__What the exercise asks__. At the line containing "Identify the document", begin retyping, and continue word for word until the records below run out.

Collection entries:
++++++++++

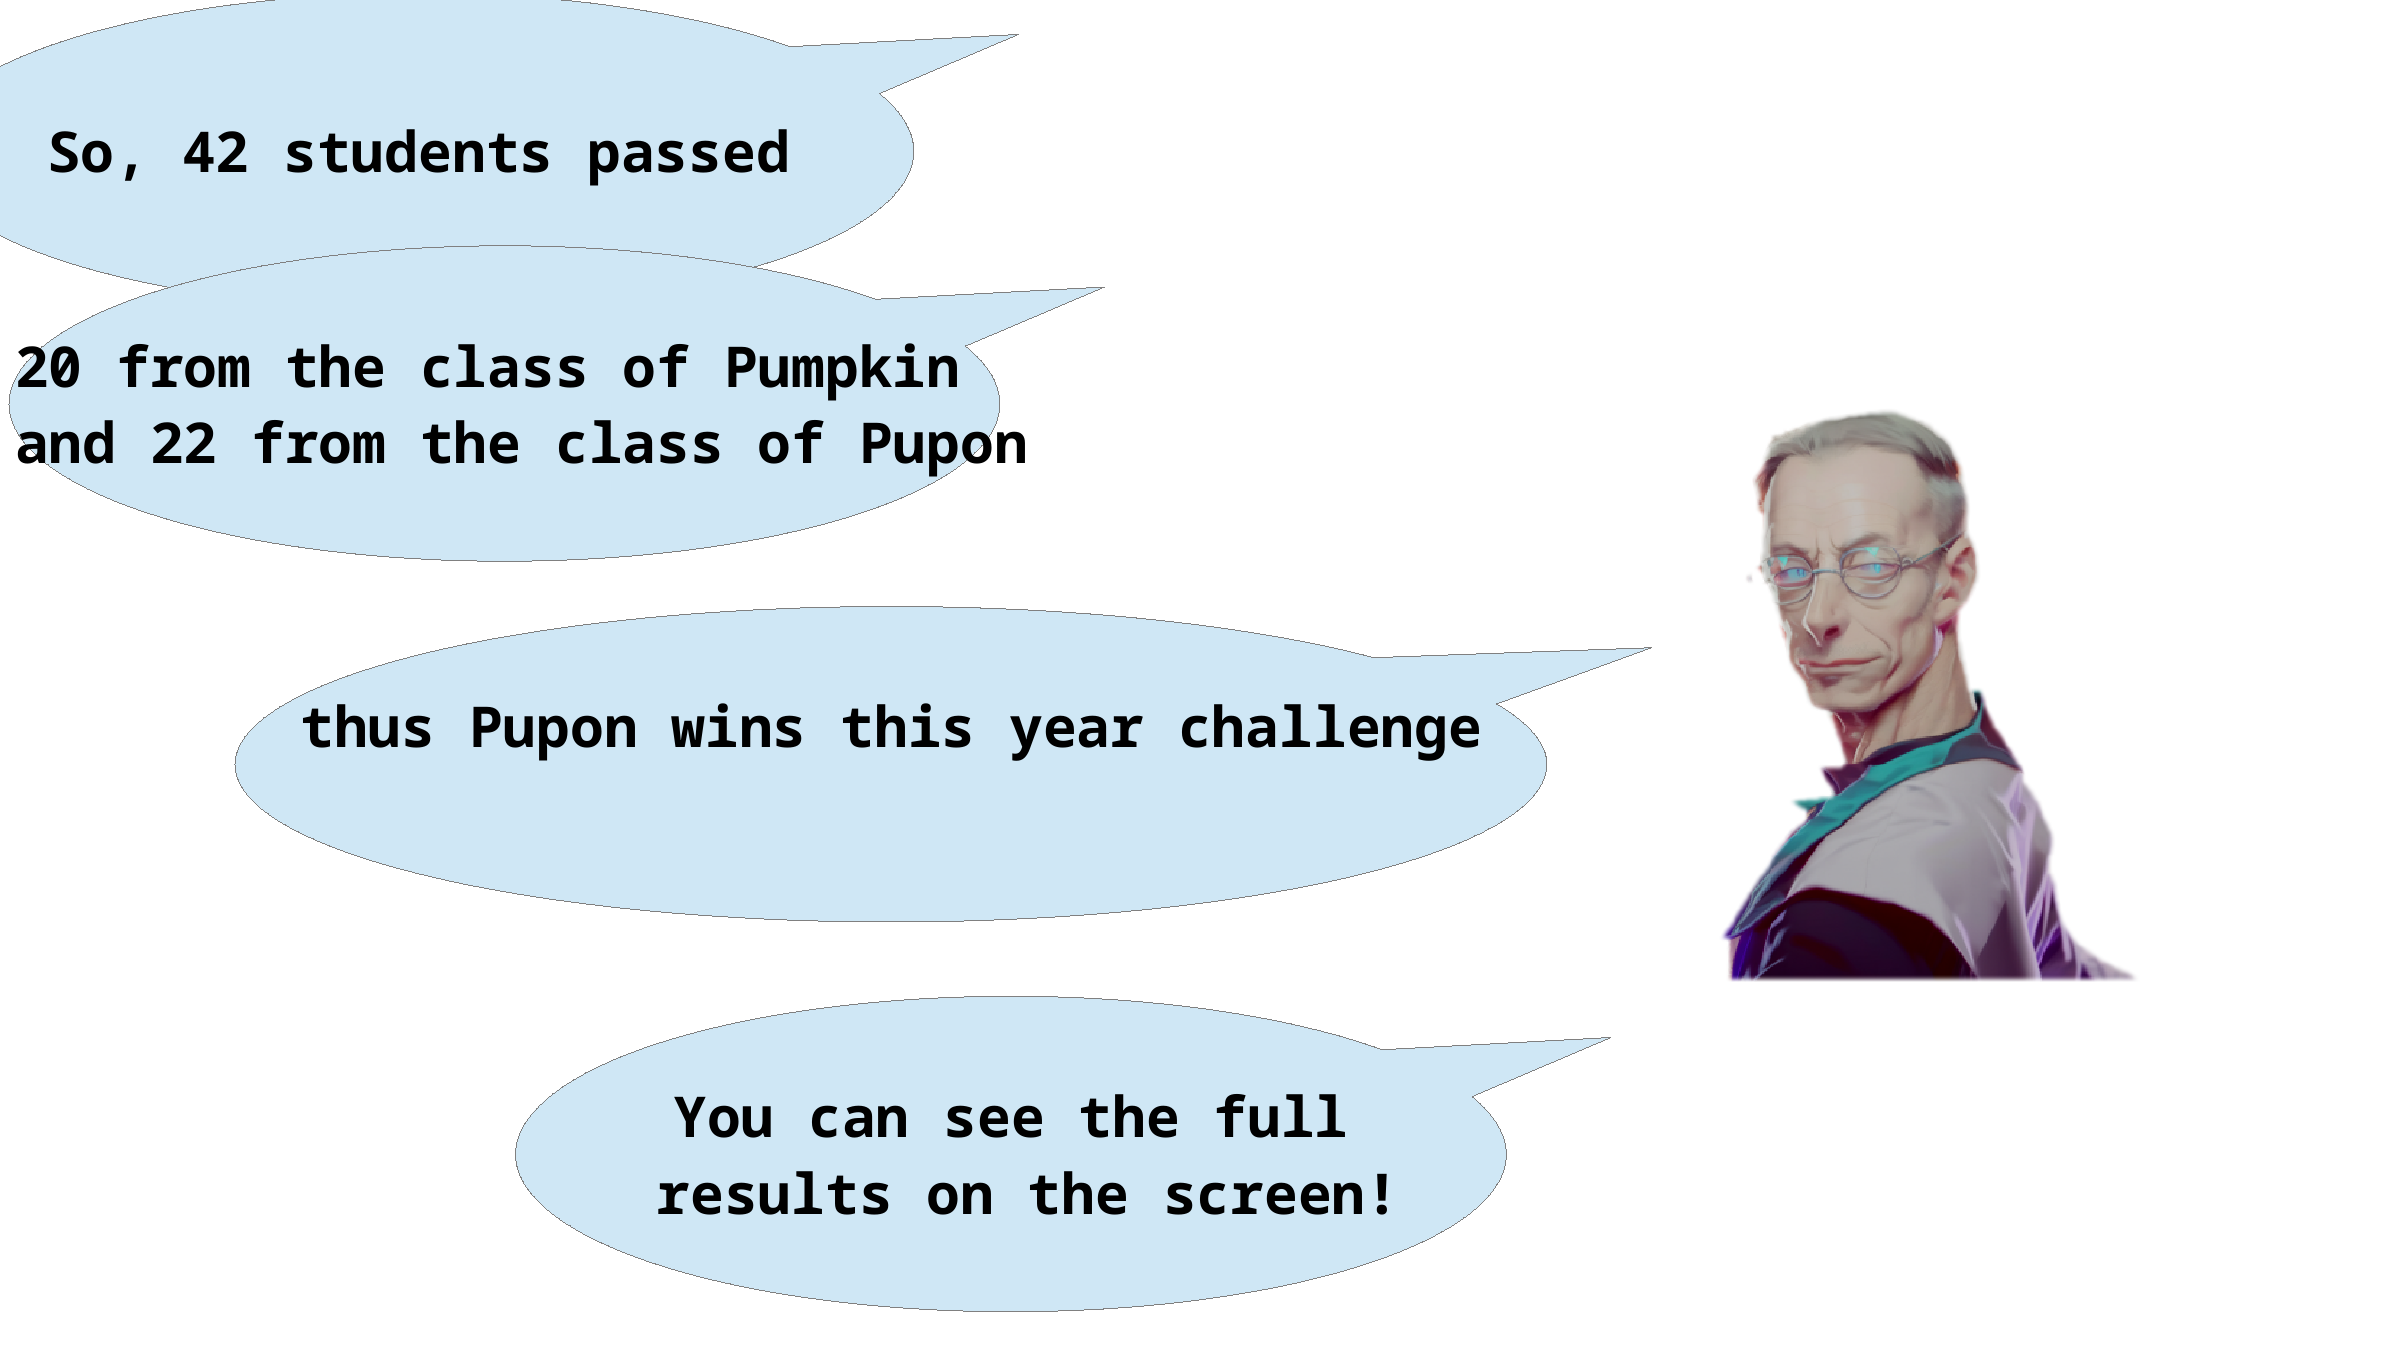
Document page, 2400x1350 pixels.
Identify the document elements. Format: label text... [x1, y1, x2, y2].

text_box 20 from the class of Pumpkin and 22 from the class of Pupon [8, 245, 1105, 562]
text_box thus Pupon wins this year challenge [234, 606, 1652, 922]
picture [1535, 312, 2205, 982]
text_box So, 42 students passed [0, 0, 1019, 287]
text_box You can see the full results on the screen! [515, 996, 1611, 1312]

++++++++++

__Answer below__.
Identify the document elements. Format: label text... [x1, y1, x2, y2].

text_box 20 from the class of Pumpkin and 22 from the class of Pupon [8, 245, 1105, 562]
text_box thus Pupon wins this year challenge [234, 606, 1652, 922]
picture [1535, 312, 2205, 982]
text_box So, 42 students passed [0, 0, 1019, 287]
text_box You can see the full results on the screen! [515, 996, 1611, 1312]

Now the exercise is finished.